→ **Aim of the task**
Filter the listing and keep only the lines with the word "from".

→ **Information shown**

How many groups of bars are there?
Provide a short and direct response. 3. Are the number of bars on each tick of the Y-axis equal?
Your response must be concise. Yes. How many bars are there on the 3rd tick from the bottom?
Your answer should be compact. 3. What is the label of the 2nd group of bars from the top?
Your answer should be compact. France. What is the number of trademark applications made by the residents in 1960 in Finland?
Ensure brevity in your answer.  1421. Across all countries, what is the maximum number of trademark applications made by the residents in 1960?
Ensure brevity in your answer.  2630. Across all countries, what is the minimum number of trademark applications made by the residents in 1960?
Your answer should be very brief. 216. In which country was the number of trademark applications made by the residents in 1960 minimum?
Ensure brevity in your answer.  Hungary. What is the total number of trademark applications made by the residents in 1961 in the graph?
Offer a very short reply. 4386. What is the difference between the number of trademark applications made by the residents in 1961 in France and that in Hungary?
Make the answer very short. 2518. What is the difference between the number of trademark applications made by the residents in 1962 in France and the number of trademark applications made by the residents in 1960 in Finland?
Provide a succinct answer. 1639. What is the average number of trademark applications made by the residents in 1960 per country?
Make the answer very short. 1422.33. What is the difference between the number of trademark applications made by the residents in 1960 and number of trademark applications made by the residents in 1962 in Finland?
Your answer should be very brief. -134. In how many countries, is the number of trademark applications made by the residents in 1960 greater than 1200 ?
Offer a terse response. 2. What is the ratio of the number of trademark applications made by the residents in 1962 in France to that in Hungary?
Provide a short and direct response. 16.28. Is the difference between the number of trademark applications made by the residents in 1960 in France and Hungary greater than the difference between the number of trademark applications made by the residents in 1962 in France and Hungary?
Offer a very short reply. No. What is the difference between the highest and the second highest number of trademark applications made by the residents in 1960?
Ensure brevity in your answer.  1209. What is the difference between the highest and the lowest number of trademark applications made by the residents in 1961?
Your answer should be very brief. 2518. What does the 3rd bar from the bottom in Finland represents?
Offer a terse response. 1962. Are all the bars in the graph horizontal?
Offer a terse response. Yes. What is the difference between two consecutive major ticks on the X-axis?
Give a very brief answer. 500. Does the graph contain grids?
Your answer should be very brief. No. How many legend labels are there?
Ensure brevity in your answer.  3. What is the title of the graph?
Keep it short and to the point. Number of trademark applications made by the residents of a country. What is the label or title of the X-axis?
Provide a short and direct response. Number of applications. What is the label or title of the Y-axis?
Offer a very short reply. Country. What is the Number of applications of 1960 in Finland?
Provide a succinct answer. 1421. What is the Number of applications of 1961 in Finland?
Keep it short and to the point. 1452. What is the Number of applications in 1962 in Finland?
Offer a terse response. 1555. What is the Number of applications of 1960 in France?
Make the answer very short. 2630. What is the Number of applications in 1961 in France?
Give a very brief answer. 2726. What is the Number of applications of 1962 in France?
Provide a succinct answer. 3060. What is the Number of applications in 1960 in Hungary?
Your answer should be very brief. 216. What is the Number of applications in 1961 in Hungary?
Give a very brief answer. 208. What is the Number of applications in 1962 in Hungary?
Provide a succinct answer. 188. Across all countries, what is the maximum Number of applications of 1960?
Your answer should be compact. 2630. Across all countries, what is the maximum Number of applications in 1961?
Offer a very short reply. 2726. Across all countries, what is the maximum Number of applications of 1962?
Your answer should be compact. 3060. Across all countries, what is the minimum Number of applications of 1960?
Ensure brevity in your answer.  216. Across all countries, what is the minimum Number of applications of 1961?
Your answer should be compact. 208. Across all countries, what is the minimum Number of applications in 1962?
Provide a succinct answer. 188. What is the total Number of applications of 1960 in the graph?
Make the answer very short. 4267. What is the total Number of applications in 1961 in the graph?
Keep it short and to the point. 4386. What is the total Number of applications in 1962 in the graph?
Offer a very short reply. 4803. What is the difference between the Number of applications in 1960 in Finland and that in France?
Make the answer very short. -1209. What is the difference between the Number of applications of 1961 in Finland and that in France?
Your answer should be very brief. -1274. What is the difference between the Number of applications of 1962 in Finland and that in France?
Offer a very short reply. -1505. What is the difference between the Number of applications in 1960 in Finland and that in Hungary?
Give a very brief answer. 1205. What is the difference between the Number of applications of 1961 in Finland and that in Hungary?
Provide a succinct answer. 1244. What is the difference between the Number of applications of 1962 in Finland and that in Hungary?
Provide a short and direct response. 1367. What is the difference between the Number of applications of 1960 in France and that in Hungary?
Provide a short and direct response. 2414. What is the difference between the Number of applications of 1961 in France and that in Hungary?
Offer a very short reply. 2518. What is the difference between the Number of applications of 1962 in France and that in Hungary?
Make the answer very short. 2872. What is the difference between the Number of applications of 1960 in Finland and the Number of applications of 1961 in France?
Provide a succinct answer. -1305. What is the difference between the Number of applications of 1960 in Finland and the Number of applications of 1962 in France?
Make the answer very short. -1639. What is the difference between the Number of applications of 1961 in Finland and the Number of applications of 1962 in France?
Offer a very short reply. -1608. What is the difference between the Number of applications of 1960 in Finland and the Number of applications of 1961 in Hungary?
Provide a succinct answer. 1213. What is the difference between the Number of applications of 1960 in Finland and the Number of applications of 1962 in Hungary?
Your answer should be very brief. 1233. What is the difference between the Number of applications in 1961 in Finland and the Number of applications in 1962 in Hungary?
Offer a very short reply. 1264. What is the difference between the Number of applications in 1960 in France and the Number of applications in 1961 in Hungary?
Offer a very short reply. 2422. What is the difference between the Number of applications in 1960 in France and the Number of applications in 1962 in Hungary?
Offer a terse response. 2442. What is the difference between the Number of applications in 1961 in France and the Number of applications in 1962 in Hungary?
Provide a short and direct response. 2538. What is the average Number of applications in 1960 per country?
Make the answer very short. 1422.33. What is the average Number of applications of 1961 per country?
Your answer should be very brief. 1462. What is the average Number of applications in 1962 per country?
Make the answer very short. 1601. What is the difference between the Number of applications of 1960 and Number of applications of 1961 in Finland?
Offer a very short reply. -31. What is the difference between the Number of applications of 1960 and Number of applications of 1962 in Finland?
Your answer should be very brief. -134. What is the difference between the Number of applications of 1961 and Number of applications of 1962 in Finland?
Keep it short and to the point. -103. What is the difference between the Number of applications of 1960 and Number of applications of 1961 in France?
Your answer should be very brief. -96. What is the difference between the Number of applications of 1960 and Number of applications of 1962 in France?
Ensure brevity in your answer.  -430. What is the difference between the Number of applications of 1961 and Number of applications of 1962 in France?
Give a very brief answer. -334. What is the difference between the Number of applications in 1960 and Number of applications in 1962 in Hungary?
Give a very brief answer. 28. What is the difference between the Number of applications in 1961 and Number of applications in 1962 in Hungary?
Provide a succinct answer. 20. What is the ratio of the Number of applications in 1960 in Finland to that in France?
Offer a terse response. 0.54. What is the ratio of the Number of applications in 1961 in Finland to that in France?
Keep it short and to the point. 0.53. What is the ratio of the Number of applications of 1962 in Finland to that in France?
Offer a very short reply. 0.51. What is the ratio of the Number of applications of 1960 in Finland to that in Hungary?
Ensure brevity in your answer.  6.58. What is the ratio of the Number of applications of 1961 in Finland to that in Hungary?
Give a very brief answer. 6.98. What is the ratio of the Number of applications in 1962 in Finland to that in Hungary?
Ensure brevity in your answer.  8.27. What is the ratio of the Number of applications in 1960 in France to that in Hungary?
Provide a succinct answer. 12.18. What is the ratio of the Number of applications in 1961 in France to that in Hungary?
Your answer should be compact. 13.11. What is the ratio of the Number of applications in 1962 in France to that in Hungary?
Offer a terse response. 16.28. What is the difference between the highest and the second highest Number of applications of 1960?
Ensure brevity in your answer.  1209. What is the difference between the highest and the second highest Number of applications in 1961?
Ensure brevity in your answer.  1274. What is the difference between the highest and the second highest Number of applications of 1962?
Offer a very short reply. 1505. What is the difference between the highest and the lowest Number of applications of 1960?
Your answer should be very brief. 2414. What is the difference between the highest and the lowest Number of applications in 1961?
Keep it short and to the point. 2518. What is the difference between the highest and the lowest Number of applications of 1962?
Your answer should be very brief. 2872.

→ **Response below**
Your response must be concise. Yes. How many bars are there on the 3rd tick from the bottom?
Your answer should be compact. 3. What is the label of the 2nd group of bars from the top?
Your answer should be very brief. 2518. What does the 3rd bar from the bottom in Finland represents?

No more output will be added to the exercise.